START Extracted material

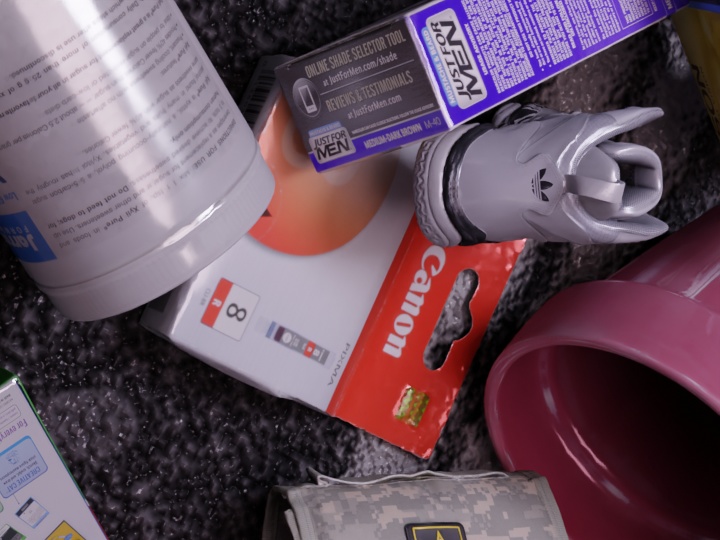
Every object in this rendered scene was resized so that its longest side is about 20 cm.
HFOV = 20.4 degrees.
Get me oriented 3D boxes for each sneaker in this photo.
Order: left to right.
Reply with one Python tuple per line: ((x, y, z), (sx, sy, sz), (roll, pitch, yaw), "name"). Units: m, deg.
((0.115, -0.050, 1.055), (0.200, 0.114, 0.076), (-18, 106, -63), "sneaker")

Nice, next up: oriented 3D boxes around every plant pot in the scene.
((0.198, 0.061, 1.125), (0.179, 0.199, 0.201), (-45, 116, -33), "plant pot")

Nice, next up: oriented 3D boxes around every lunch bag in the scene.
((0.029, 0.206, 1.086), (0.163, 0.117, 0.202), (-1, 94, -24), "lunch bag")

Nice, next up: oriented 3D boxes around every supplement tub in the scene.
((-0.141, -0.092, 0.943), (0.132, 0.132, 0.201), (-38, 112, -19), "supplement tub")

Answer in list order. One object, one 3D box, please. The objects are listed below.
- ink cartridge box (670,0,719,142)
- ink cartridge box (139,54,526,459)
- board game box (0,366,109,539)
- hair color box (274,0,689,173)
((0.201, -0.129, 1.085), (0.047, 0.200, 0.199), (-25, 102, -4), "ink cartridge box")
((0.000, 0.000, 1.080), (0.199, 0.050, 0.163), (27, 84, -25), "ink cartridge box")
((-0.194, 0.173, 1.003), (0.153, 0.040, 0.201), (-33, 111, -20), "board game box")
((0.065, -0.121, 1.031), (0.199, 0.109, 0.065), (-27, 98, -39), "hair color box")
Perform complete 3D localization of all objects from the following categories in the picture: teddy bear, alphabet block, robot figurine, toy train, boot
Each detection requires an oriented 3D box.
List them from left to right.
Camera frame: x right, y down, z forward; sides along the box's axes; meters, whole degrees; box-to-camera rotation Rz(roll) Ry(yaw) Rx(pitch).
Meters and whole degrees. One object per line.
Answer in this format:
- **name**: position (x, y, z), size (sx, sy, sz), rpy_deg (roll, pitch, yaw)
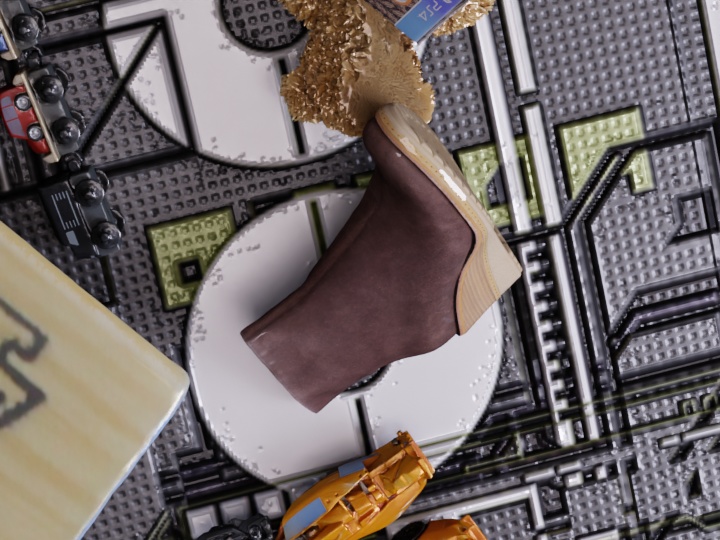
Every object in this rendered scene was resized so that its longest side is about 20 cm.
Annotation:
- **alphabet block**: position (-0.252, 0.068, 1.467), size (0.200, 0.195, 0.197), rpy_deg (41, 77, -23)
- **toy train**: position (-0.195, -0.098, 1.551), size (0.046, 0.034, 0.201), rpy_deg (-18, 106, 8)
- **robot figurine**: position (-0.022, 0.199, 1.632), size (0.200, 0.058, 0.145), rpy_deg (-37, 105, 0)
- **boot**: position (0.000, 0.000, 1.547), size (0.166, 0.072, 0.200), rpy_deg (-33, 141, 3)
- **teddy bear**: position (0.006, -0.181, 1.554), size (0.145, 0.067, 0.201), rpy_deg (-15, 98, -15)

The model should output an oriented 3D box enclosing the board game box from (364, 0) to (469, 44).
- **board game box**: position (0.016, -0.262, 1.469), size (0.200, 0.097, 0.160), rpy_deg (39, 67, -7)
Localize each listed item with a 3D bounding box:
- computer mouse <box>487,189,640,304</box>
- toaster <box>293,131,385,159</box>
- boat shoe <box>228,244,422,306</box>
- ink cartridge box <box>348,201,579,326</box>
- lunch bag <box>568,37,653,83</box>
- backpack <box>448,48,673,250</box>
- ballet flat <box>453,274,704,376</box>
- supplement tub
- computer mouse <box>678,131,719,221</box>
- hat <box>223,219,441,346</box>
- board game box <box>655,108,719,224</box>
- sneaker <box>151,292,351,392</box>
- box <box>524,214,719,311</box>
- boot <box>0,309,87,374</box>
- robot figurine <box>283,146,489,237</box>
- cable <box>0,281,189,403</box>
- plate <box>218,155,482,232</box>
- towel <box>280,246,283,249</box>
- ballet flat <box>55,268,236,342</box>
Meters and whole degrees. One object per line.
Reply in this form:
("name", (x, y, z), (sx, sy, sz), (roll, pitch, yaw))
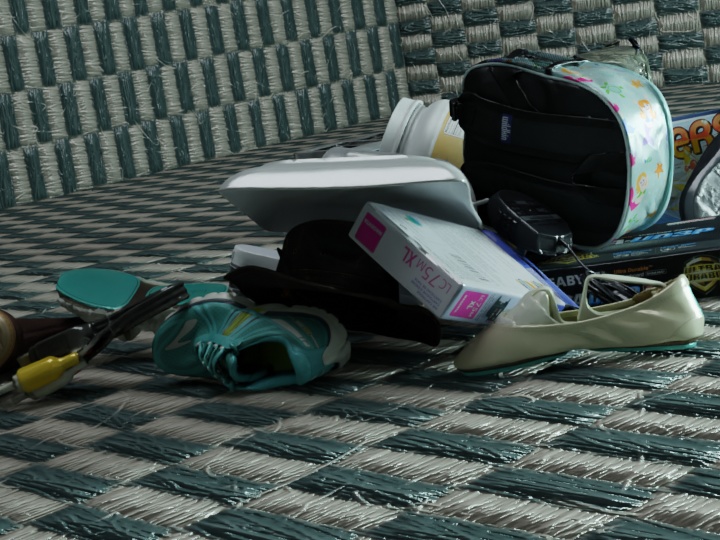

END Extracted material

» Exercise prompt
Copy out all the lines of the records that include "Answer".

» Solution to this exercise
Answer in list order. One object, one 3D box, please. The objects are listed below.
Answer in this format:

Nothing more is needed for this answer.